So I went back to South Africa. I had a very good high school metric. So I got into university in South Africa. I tried to get into university in Israel but I couldn't with the South African metric. [00:29:00] So I flew two hours away. I thought I'll turn a new leaf. I'll start a new life again, cleaning the slate. Away from my parents again.
Uh, went to Cape Town University and studied architecture. And I must say that my, my mental state. I'm quite impressed in hindsight. Quite impressed with the strength of my spirit and my, passion for life. Because mentally and emotionally and physically, I was quite devastated. The five years that preceded my university enrollment were very traumatic on a level of social belonging and on the level of identity. Who am I? Where do I belong? Who are my friends? Um, I had lost sense of myself.

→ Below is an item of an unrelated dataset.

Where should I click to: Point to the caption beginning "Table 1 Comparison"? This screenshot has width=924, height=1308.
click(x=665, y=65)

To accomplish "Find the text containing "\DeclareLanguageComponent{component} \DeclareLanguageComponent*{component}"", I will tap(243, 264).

By the time I got to [00:30:00] Cape Town, I was very hopeful. And very courageous to make that leap. But it was really a leap into an abyss because there was nothing to, there was nothing structured inside of me at the time to keep myself afloat.

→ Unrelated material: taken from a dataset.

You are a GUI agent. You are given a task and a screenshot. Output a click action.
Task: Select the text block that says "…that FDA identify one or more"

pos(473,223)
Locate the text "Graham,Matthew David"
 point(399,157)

Having been hospitalized and having been let down by structures of hospitals and doctors and so on. And also the Israeli army and neglect. And I lost faith in conventional medicine. And I didn't really believe that anybody can help me. So all my, um, let's say everything that I struggled with was with a very firm knowledge that there's nowhere outside that I can find healing.
And then when love came into my life, when I met my ex husband. He looked at me with nonjudgmental eyes. He just loved me. And [00:31:00] then that's when my process of healing began.

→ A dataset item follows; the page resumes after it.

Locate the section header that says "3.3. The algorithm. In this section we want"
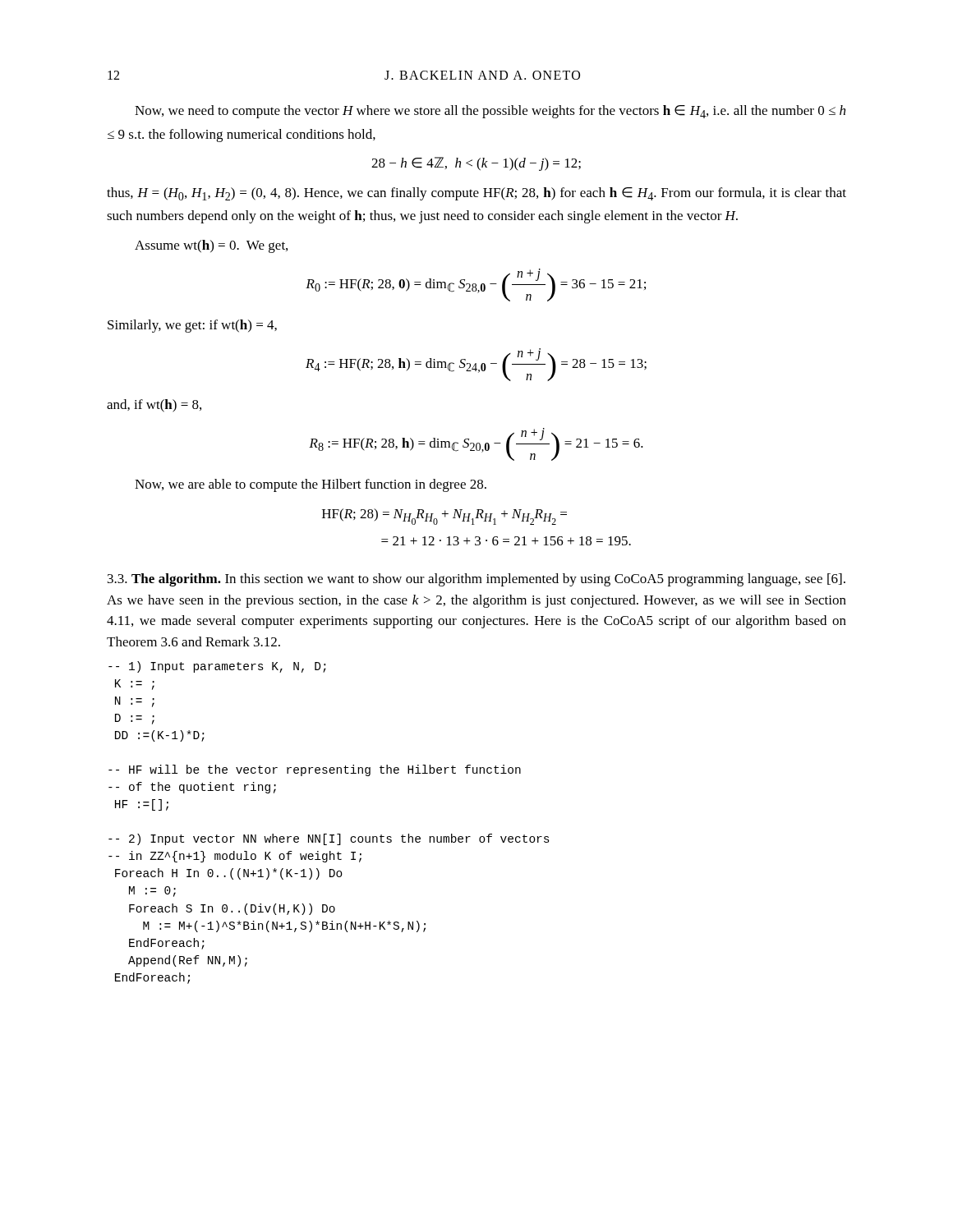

We started architecture. We got married when we completed our studies. We settled down. We had, uh, the template of what is a successful life. And I followed it step by step. I finished my, my degree. I did all my vocational requirements to qualify as an architect. I worked in the practice. And there was something missing. I just I just felt it's not it. Like everything on the outside, superficially, I was living the perfect life. And I was in a very loving relationship. But it was something in my spirit was longing.
 
Adi Goren: And, fast forward a few years later. I had had my daughter. Her birth was surrounded with a lot of [00:32:00] personal, uh, like in our life, in our personal life, there was a lot of struggles. It was not an easy time. It was very difficult, and I felt very alone again.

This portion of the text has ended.